Statistical analysis of classification results

The chance level for left-vs-right MI classification was defined according to the study by Combrisson and Jerbi30. The probability for getting a correct classification by chance is 58.7% for 80 samples and a p-value of 0.05, and we used this value as a threshold for determining whether the decoding results differ from chance level.

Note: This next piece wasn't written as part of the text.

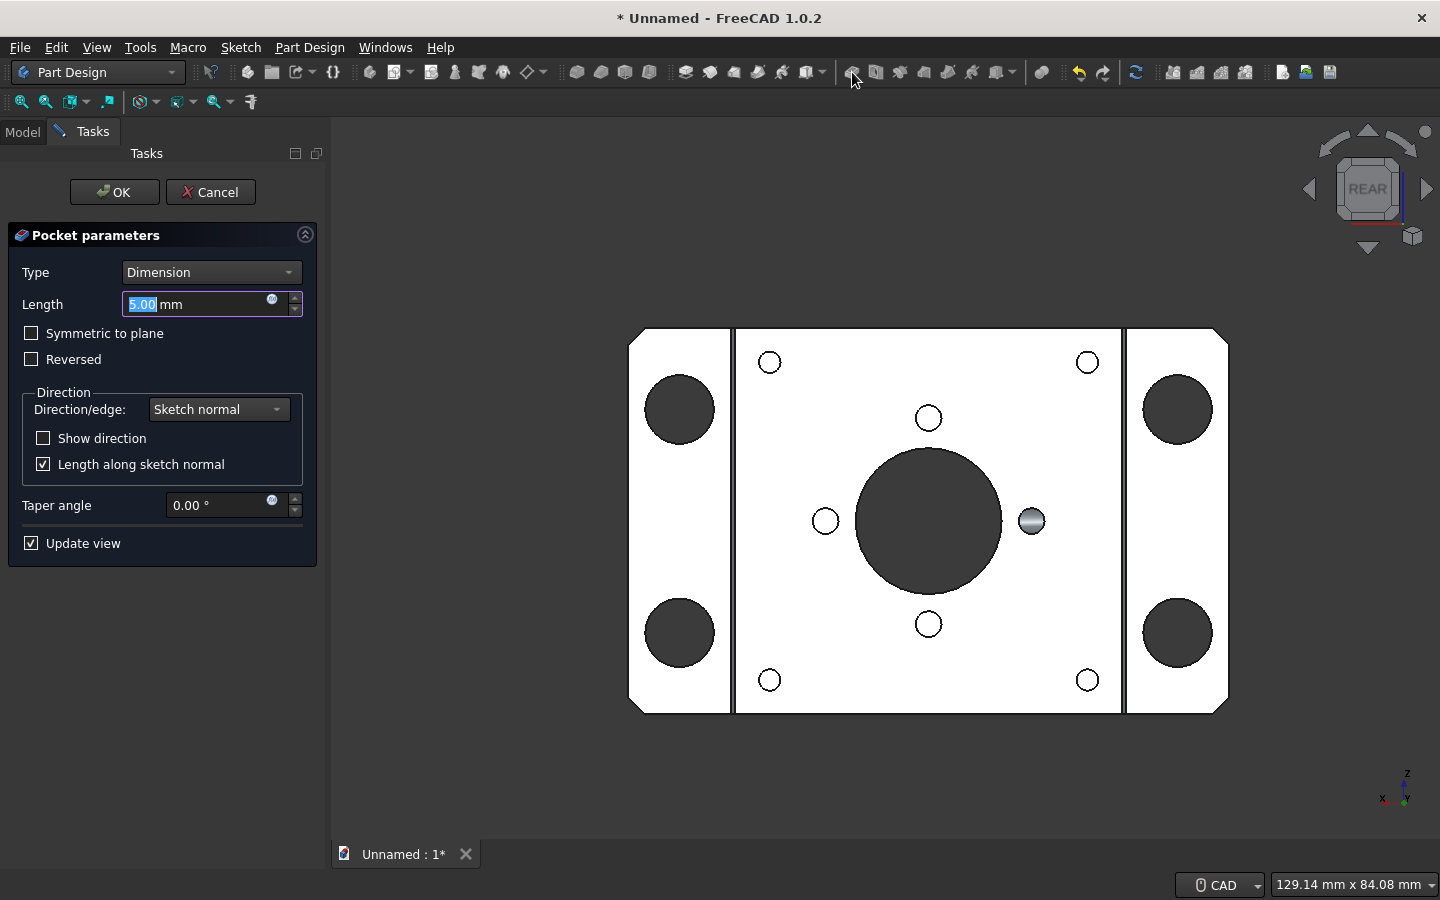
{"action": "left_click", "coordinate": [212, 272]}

The statistical difference between results of different classification approaches was calculated with Friedman’s test, a nonparametric version of two-way analysis of variance. Post-hoc analysis was conducted using Bonferroni correction for multiple comparisons, implemented in MATLAB (R2017a; Mathworks Inc., MA, USA) function multcompare.

Data availability

The data measured and analysed for the current study are available from the corresponding author on request.